Step 3: Run the Pipeline

Once parameters are configured, you can execute the entire workflow with a single command:
ultrarag run examples/rag_full.yaml
The system will sequentially execute all Servers and Tools defined in the configuration file, displaying real-time logs and progress in the terminal: Upon completion, results (such as generated outputs and evaluation reports) will be automatically saved in the specified output path.
For example, the file output/memory_nq_rag_full_20251010_145420.json can be used directly for further analysis and visualization.

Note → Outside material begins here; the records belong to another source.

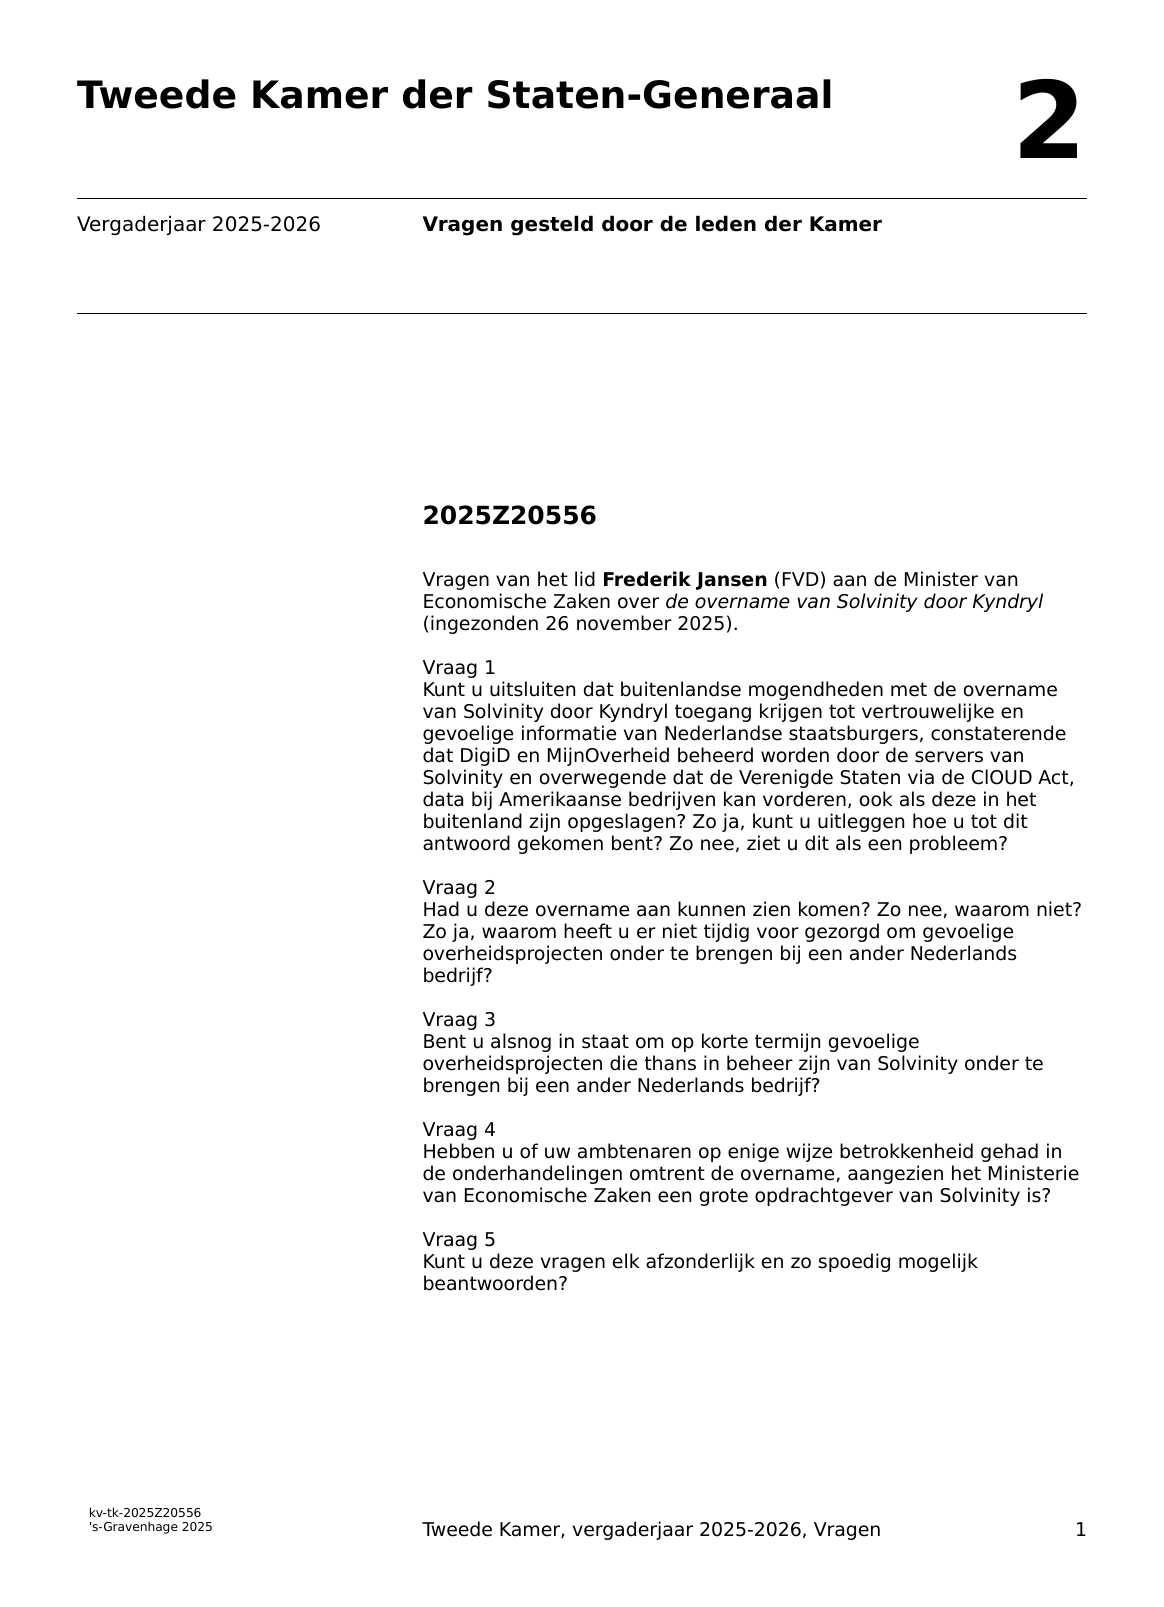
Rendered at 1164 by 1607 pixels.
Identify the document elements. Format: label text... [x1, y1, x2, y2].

table_cell Vergaderjaar 2025-2026 [77, 199, 422, 313]
text Vraag 4 [422, 1119, 1087, 1141]
text Hebben u of uw ambtenaren op enige wijze betrokkenheid gehad in de onderhandelingen omtrent de overname, aangezien het Ministerie van Economische Zaken een grote opdrachtgever van Solvinity is? [422, 1141, 1087, 1207]
text 2025Z20556 [422, 501, 1087, 531]
text Bent u alsnog in staat om op korte termijn gevoelige overheidsprojecten die thans in beheer zijn van Solvinity onder te brengen bij een ander Nederlands bedrijf? [422, 1031, 1087, 1097]
text Kunt u deze vragen elk afzonderlijk en zo spoedig mogelijk beantwoorden? [422, 1251, 1087, 1295]
table_cell Vragen gesteld door de leden der Kamer [422, 199, 1087, 313]
text Kunt u uitsluiten dat buitenlandse mogendheden met de overname van Solvinity door Kyndryl toegang krijgen tot vertrouwelijke en gevoelige informatie van Nederlandse staatsburgers, constaterende dat DigiD en MijnOverheid beheerd worden door de servers van Solvinity en overwegende dat de Verenigde Staten via de ClOUD Act, data bij Amerikaanse bedrijven kan vorderen, ook als deze in het buitenland zijn opgeslagen? Zo ja, kunt u uitleggen hoe u tot dit antwoord gekomen bent? Zo nee, ziet u dit als een probleem? [422, 679, 1087, 855]
text Vraag 3 [422, 1009, 1087, 1031]
text 's-Gravenhage 2025 [88, 1520, 323, 1534]
text Vraag 5 [422, 1229, 1087, 1251]
text Had u deze overname aan kunnen zien komen? Zo nee, waarom niet? Zo ja, waarom heeft u er niet tijdig voor gezorgd om gevoelige overheidsprojecten onder te brengen bij een ander Nederlands bedrijf? [422, 899, 1087, 987]
text Vraag 1 [422, 657, 1087, 679]
text Vragen van het lid Frederik Jansen (FVD) aan de Minister van Economische Zaken over de overname van Solvinity door Kyndryl (ingezonden 26 november 2025). [422, 569, 1087, 635]
table_header 2 [886, 59, 1087, 198]
table_header Tweede Kamer der Staten-Generaal [77, 59, 886, 198]
text kv-tk-2025Z20556 [88, 1506, 323, 1520]
text Vraag 2 [422, 877, 1087, 899]
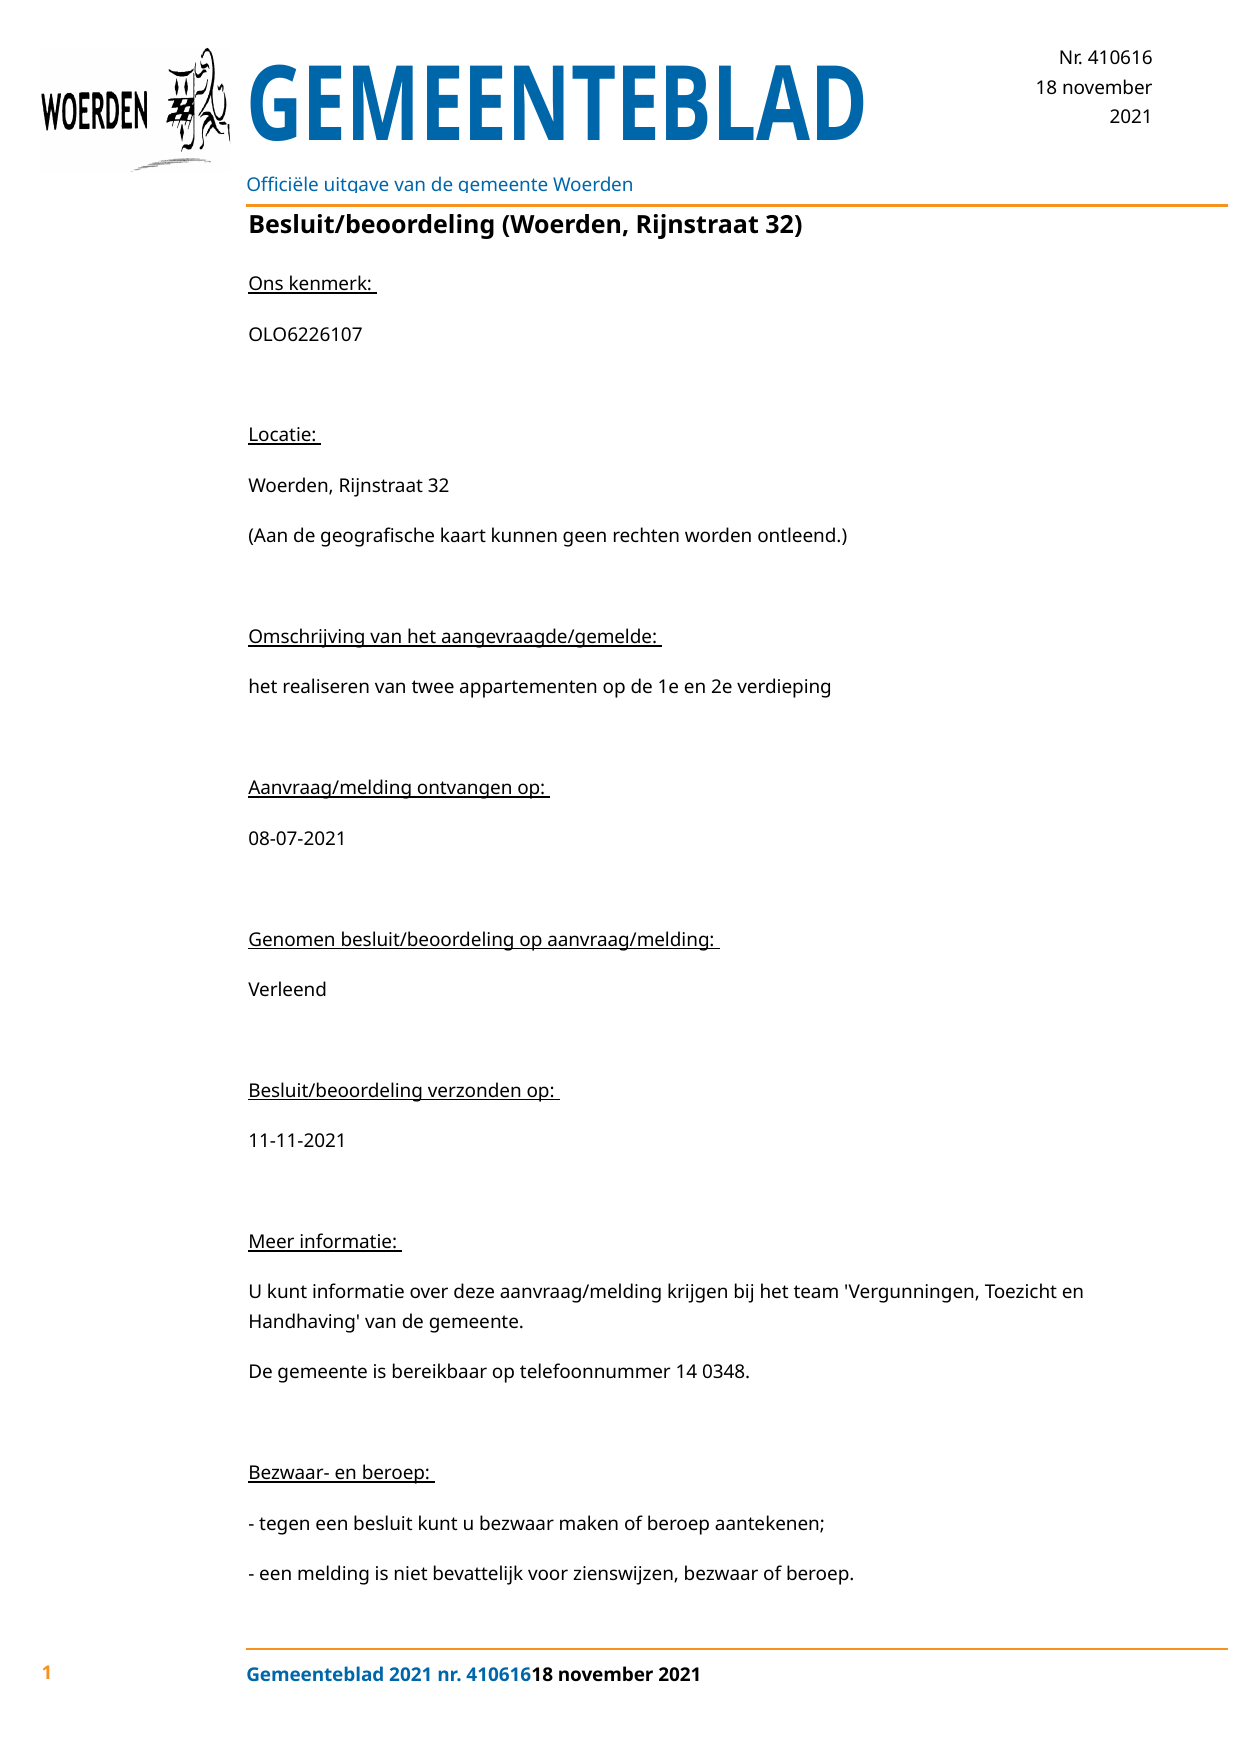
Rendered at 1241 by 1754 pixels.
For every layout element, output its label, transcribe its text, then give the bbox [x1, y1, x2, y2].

text Besluit/beoordeling (Woerden, Rijnstraat 32) [248, 207, 1152, 241]
text Besluit/beoordeling verzonden op: [248, 1077, 1152, 1103]
text Meer informatie: [248, 1228, 1152, 1254]
text Locatie: [248, 422, 1152, 447]
text U kunt informatie over deze aanvraag/melding krijgen bij het team 'Vergunningen, Toezicht en Handhaving' van de gemeente. [248, 1279, 1152, 1334]
text 08-07-2021 [248, 825, 1152, 851]
text Aanvraag/melding ontvangen op: [248, 774, 1152, 800]
text - tegen een besluit kunt u bezwaar maken of beroep aantekenen; [248, 1510, 1152, 1536]
text (Aan de geografische kaart kunnen geen rechten worden ontleend.) [248, 522, 1152, 548]
text Genomen besluit/beoordeling op aanvraag/melding: [248, 926, 1152, 951]
text het realiseren van twee appartementen op de 1e en 2e verdieping [248, 674, 1152, 699]
text Bezwaar- en beroep: [248, 1459, 1152, 1485]
picture [41, 47, 231, 172]
text Woerden, Rijnstraat 32 [248, 472, 1152, 498]
text OLO6226107 [248, 321, 1152, 346]
text - een melding is niet bevattelijk voor zienswijzen, bezwaar of beroep. [248, 1560, 1152, 1586]
text 11-11-2021 [248, 1127, 1152, 1153]
text Ons kenmerk: [248, 270, 1152, 296]
text De gemeente is bereikbaar op telefoonnummer 14 0348. [248, 1359, 1152, 1384]
text Verleend [248, 976, 1152, 1002]
text Omschrijving van het aangevraagde/gemelde: [248, 623, 1152, 649]

Step 4: Visualize and Analyze Case Studies

After completing the workflow, you can use the built-in visualization tool to quickly analyze generation results.
Run the following command to start the Case Study Viewer:
python ./script/case_study.py \
  --data output/memory_nq_rag_full_20251010_145420.json \
  --host 127.0.0.1 \
  --port 8080 \
  --title "Case Study Viewer"
Once launched, the terminal will display an access address.
Open it in your browser to explore the Case Study Viewer, where you can interactively browse and analyze results.
Example interface:

Summary

You have now completed the full RAG workflow—from Pipeline configuration and parameter compilation to execution and visualization analysis.
UR-2.0, with its modular MCP architecture and unified evaluation system, makes RAG system construction, execution, and analysis more efficient, intuitive, and reproducible.
You can further:
  • Swap out models or retrievers to explore different combinations.
  • Create custom Servers and Tools to extend system functionality.
  • Use the evaluation module to compare results and conduct systematic research.